What this task involves »
Leave the pictures aside. Retype exactly the lines from the top of the data below through the one holding "Combining the real".

Exercise input »
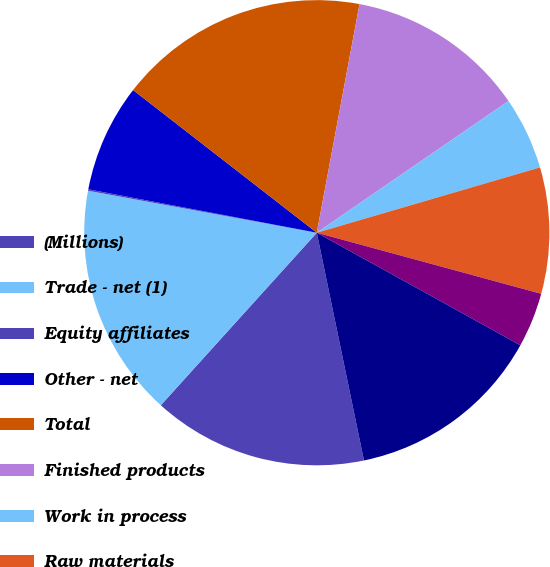Convert chart to OTSL. <chart><loc_0><loc_0><loc_500><loc_500><pie_chart><fcel>(Millions)<fcel>Trade - net (1)<fcel>Equity affiliates<fcel>Other - net<fcel>Total<fcel>Finished products<fcel>Work in process<fcel>Raw materials<fcel>Supplies<fcel>Trade<nl><fcel>14.95%<fcel>16.19%<fcel>0.1%<fcel>7.52%<fcel>17.43%<fcel>12.48%<fcel>5.05%<fcel>8.76%<fcel>3.81%<fcel>13.71%<nl></chart> 
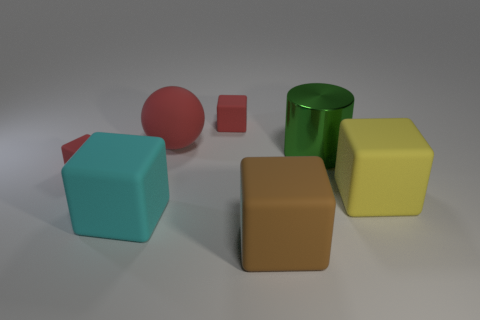Subtract 3 blocks. How many blocks are left? 2 Add 1 large purple metal cylinders. How many objects exist? 8 Subtract all brown cubes. How many cubes are left? 4 Add 4 small red rubber blocks. How many small red rubber blocks exist? 6 Subtract all brown cubes. How many cubes are left? 4 Subtract 0 green blocks. How many objects are left? 7 Subtract all cubes. How many objects are left? 2 Subtract all purple blocks. Subtract all yellow spheres. How many blocks are left? 5 Subtract all purple cylinders. How many gray balls are left? 0 Subtract all red cubes. Subtract all red matte spheres. How many objects are left? 4 
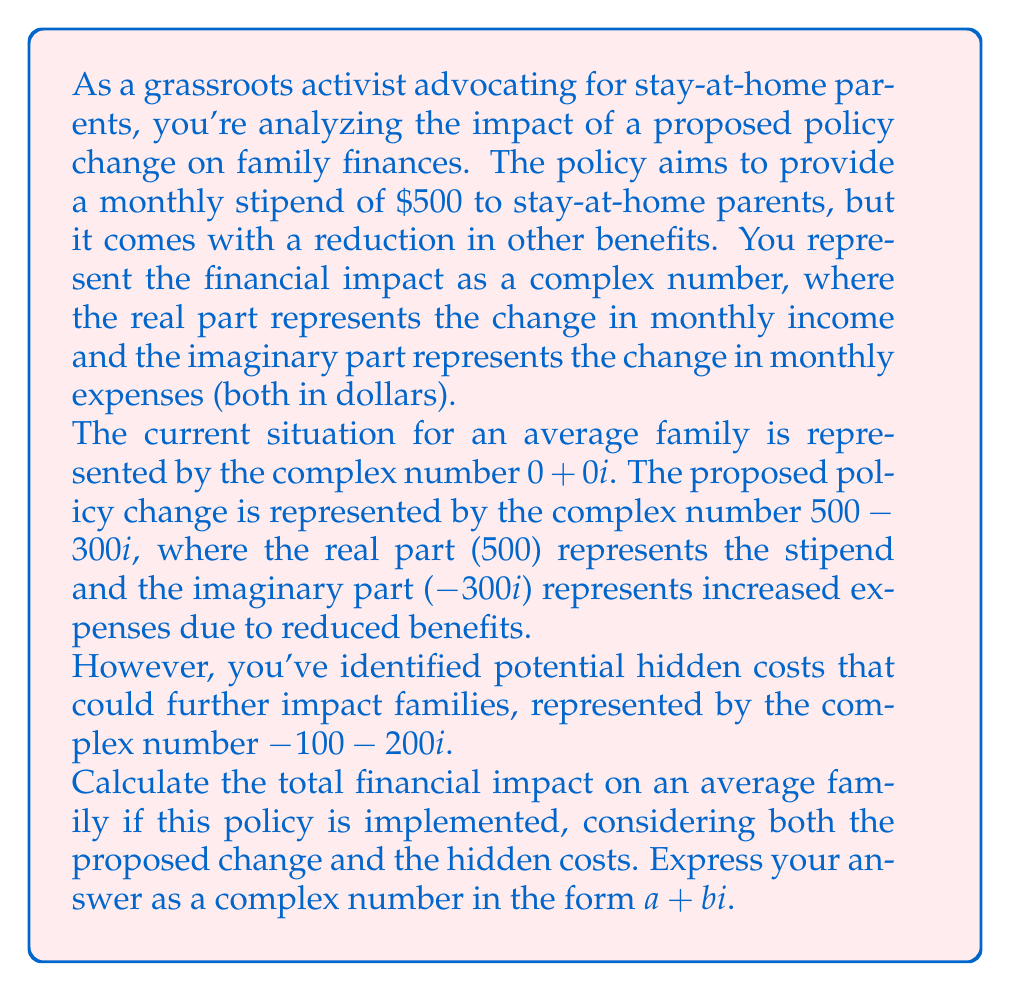Solve this math problem. To solve this problem, we need to add the complex numbers representing the current situation, the proposed policy change, and the hidden costs. Let's break it down step by step:

1) Current situation: $0 + 0i$
2) Proposed policy change: $500 - 300i$
3) Hidden costs: $-100 - 200i$

To add complex numbers, we add the real parts and the imaginary parts separately:

$$(0 + 0i) + (500 - 300i) + (-100 - 200i)$$

Let's add the real parts:
$$0 + 500 + (-100) = 400$$

Now, let's add the imaginary parts:
$$0i + (-300i) + (-200i) = -500i$$

Combining the real and imaginary parts, we get:

$$400 - 500i$$

This result means that the average family would experience:
- An increase in monthly income of $400 (represented by the real part)
- An increase in monthly expenses of $500 (represented by the coefficient of the imaginary part)

The negative sign before the imaginary part indicates that expenses are increasing, as we defined the imaginary part to represent changes in expenses.
Answer: $400 - 500i$

Your response »
Convert chart to OTSL. <chart><loc_0><loc_0><loc_500><loc_500><pie_chart><fcel>(Millions)<fcel>Trade - net (1)<fcel>Equity affiliates<fcel>Other - net<fcel>Total<fcel>Finished products<fcel>Work in process<fcel>Raw materials<fcel>Supplies<fcel>Trade<nl><fcel>14.95%<fcel>16.19%<fcel>0.1%<fcel>7.52%<fcel>17.43%<fcel>12.48%<fcel>5.05%<fcel>8.76%<fcel>3.81%<fcel>13.71%<nl></chart> 
Subtract 3 blocks. How many blocks are left? 2 Add 1 large purple metal cylinders. How many objects exist? 8 Subtract all brown cubes. How many cubes are left? 4 Add 4 small red rubber blocks. How many small red rubber blocks exist? 6 Subtract all brown cubes. How many cubes are left? 4 Subtract 0 green blocks. How many objects are left? 7 Subtract all cubes. How many objects are left? 2 Subtract all purple blocks. Subtract all yellow spheres. How many blocks are left? 5 Subtract all purple cylinders. How many gray balls are left? 0 Subtract all red cubes. Subtract all red matte spheres. How many objects are left? 4 
Solve this math problem. To solve this problem, we need to add the complex numbers representing the current situation, the proposed policy change, and the hidden costs. Let's break it down step by step:

1) Current situation: $0 + 0i$
2) Proposed policy change: $500 - 300i$
3) Hidden costs: $-100 - 200i$

To add complex numbers, we add the real parts and the imaginary parts separately:

$$(0 + 0i) + (500 - 300i) + (-100 - 200i)$$

Let's add the real parts:
$$0 + 500 + (-100) = 400$$

Now, let's add the imaginary parts:
$$0i + (-300i) + (-200i) = -500i$$

Combining the real and imaginary parts, we get:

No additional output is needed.